Eka pun menjelaskan, kendati dalam pengelolaan dana desa sudah sesuai aturan tidak diperbolehkan melakukan pengadaan ataupun ganti rugi lahan, pihaknya belum mentela’ah sejauh itu. Karena, pihaknya hanya melakukan audit yang bakal menimbulkan kerugian negara. Jikapun nahti, apa yang dilakukan desa mneyalahi aturan yang lain, itu akan dilakukan pemeriksaan lanjutannya. Yang pasti, untuk saat ini pihaknya hanya mengaudit kerugian negara yang ditimbulkan oleh desa Tanjung raman yang tidak menyalurkan dana penyertaan modal ke Bumdes desa Tanjung Raman.

“Soal larangan yang sudah diatur dalam pengelolaan dana desa, yang mana dana desa tidak diperbolehkan untuk ganti rugi ataupun pembebasan lahan, itu sudah lain permasalahan. Saat ini, kami fokus dana Bumdes yang tidak disalurkan itu harus di kembalikan. Dan saat ini, tidak sepenuhnya karena dananya digunakan untuk pembebasan lahan,” jelas Eka.

Eka pun lebih jauh menjelaskan, setelah dilakukan pemeriksaan lebih ajuh. Kades, diberikan wkatu selama 60 hari, untuk melakukan pengembalian kerugian negara yang telah dilakukan audit. Jika lebih dari 60 hari, dipastikan proses hukum akan berlanjut. Sementara itu, pihaknya hanya memberikan laporan hasil audit kepada Aparat Penegak Hukum (APH) yakbni Kejari BU,yang telah melakukan pengusutan dugaan korupsi Bumdes desa Tanjung Raman ini.

“Yang jelas, kita mengejar pengembalian dulu. Mengenai proses hukumnya akan lanjut atau tidak, itu silahkan ditanya ke penegak hukum yang terkait. Sekedar saya ingatkan, AD-ART Bumdes desa Tanjung Raman, yakni Pengembangbiakan Sapi, Simpan Pinjam dan Kolam Renang. Namun, kita menemukan pengembangbiakan sapinya tidak ada, dan dana itu sendiri tidak dikelola oleh pengurus Bumdes,” demikian Eka.

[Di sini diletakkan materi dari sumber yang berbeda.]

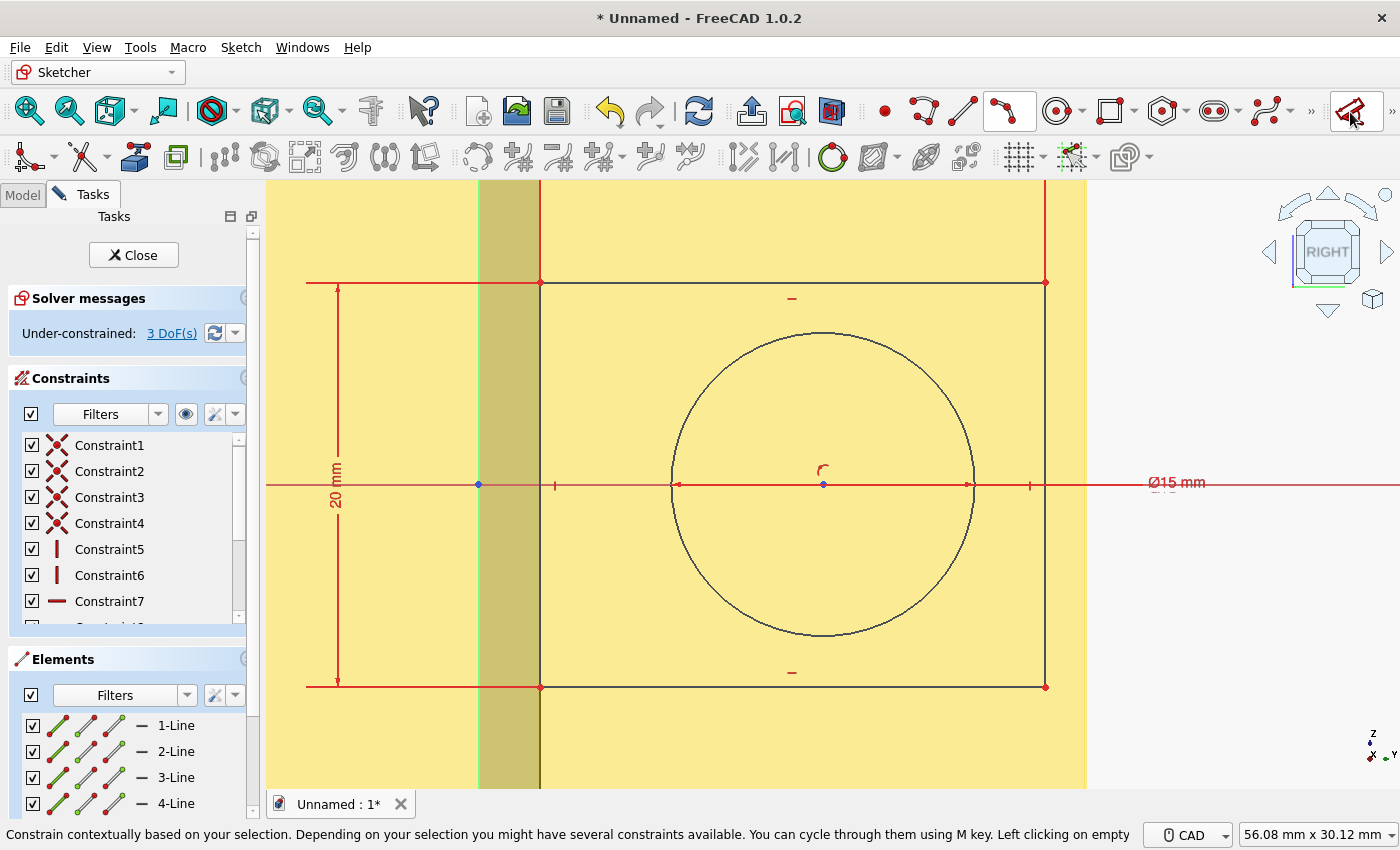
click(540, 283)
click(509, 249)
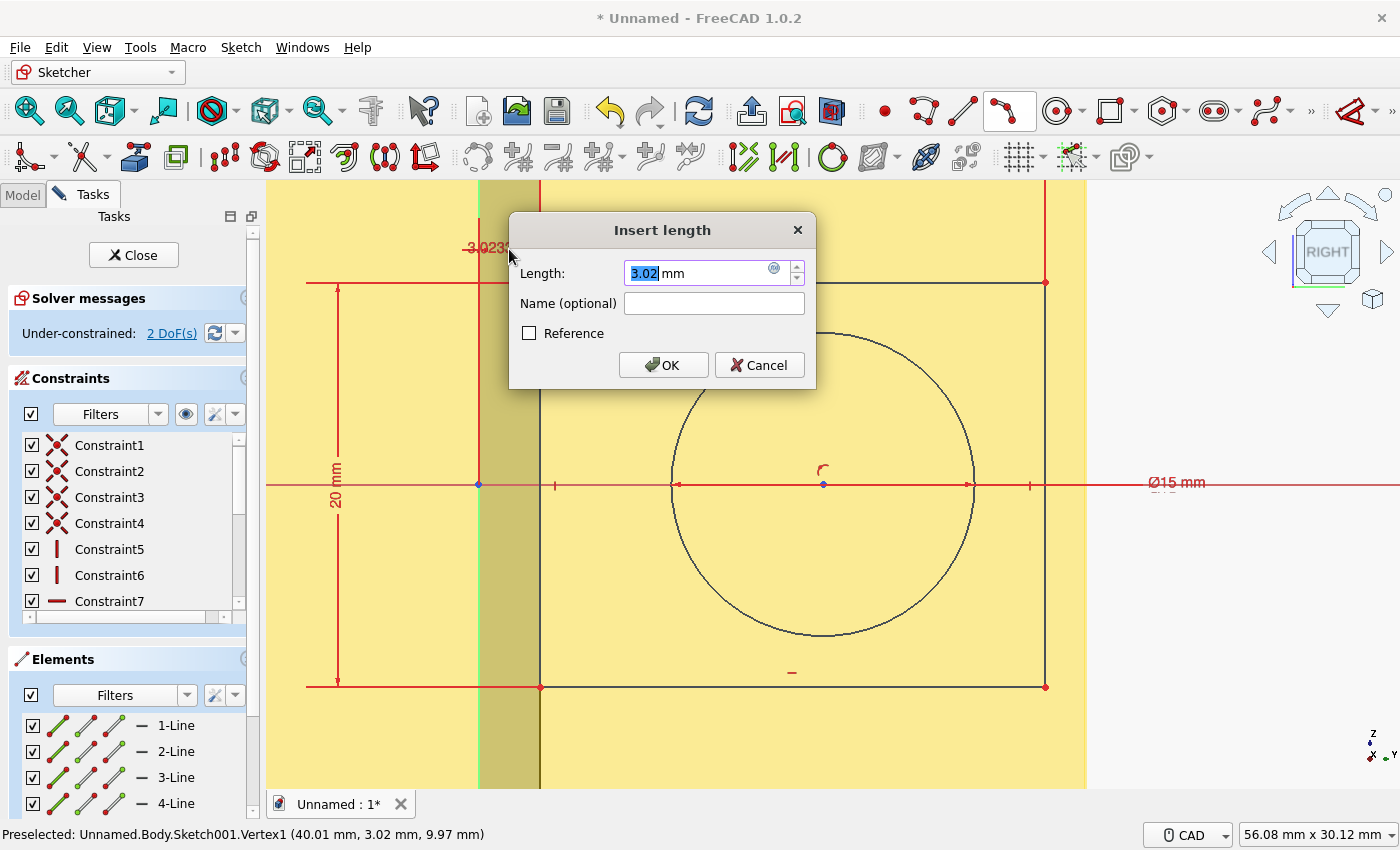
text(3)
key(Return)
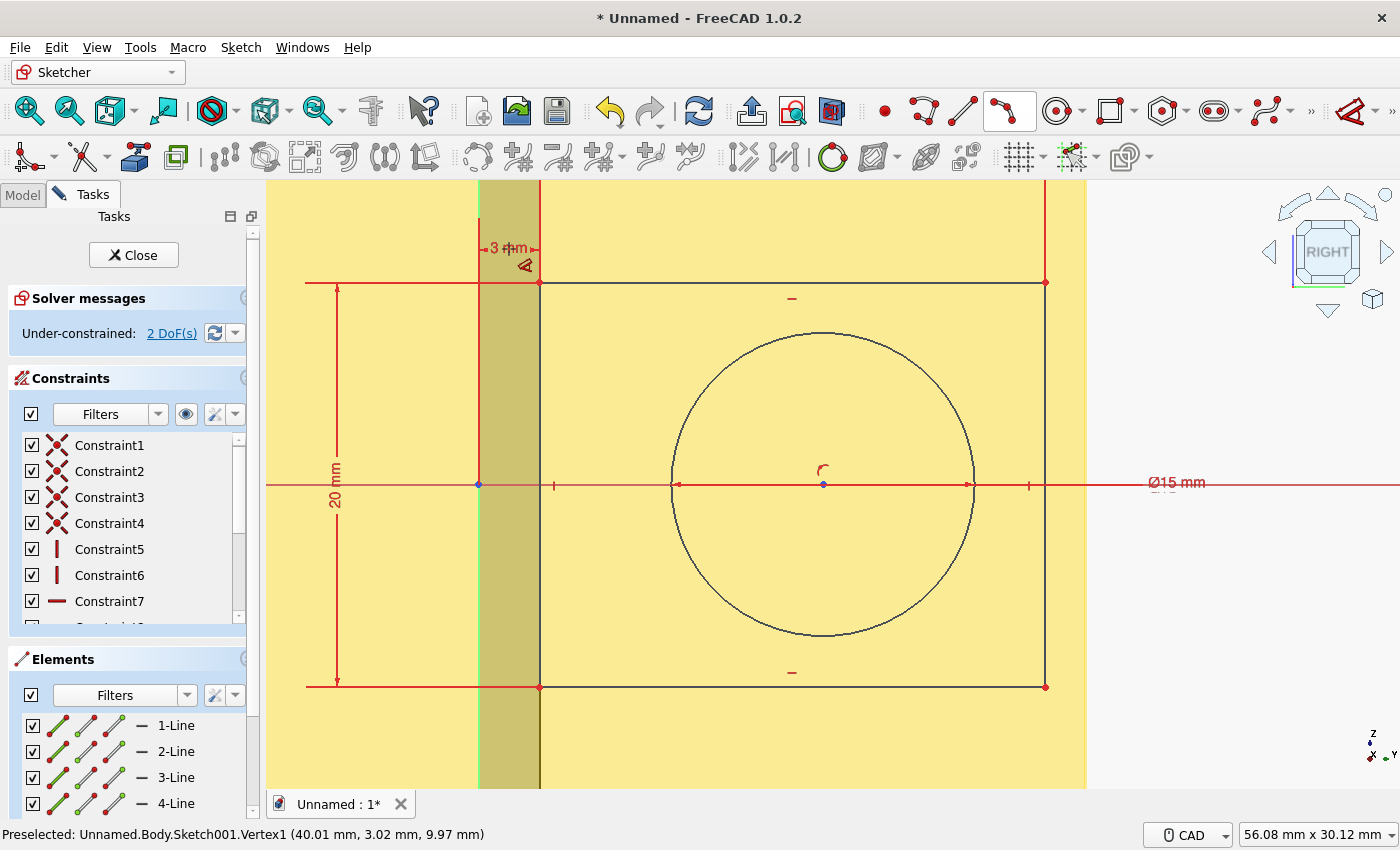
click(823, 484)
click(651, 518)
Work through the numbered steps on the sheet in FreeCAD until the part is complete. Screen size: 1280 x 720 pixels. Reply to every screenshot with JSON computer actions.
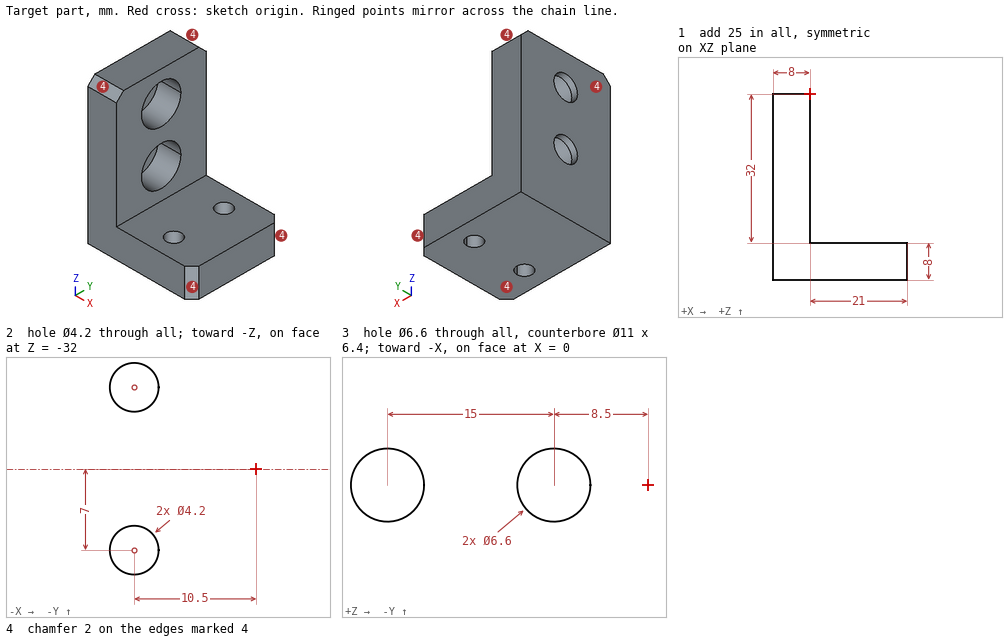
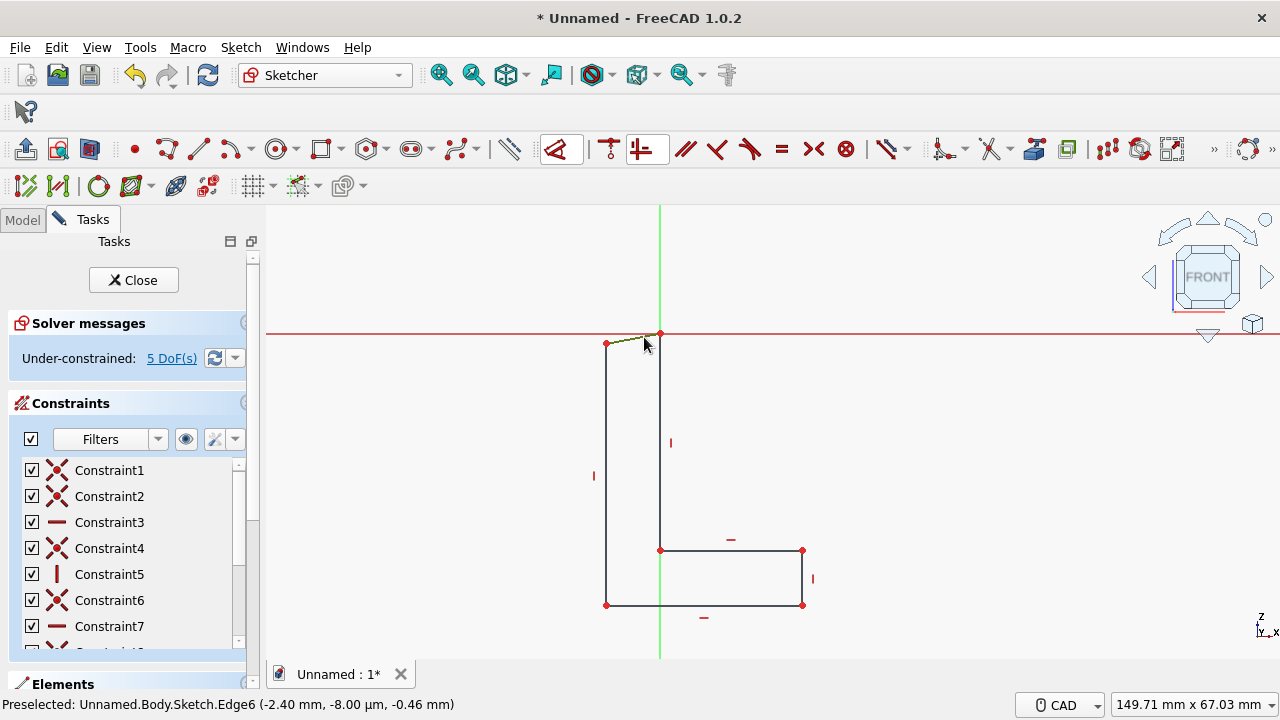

Menanggapi hal ini, Pihak DPMD Bengkulu Utara selaku pembina dan pengawasan terhadap pengelolaan dana desa hingga Bumdes, ketika dikonfirmais awak media hanya dapat menjawab no comment, karena kasus Bumdes desa Tanjung Raman diberitahukan telah di lakukan audit oleh pihak Inspektorat BU dan tengah diusut oleh APH Kejari Bengkulu Utara.

“No Commentlah soal itu, karena sudah ranahnya Inspektorat yang memprosesnya. Silahkan tanya kesana saja,” singkat Kepala DPMD BU Ir. Budi Sampurno melalui Kabid Pembangunan Pengembangan Ekonomi Desa Yos Sudarso.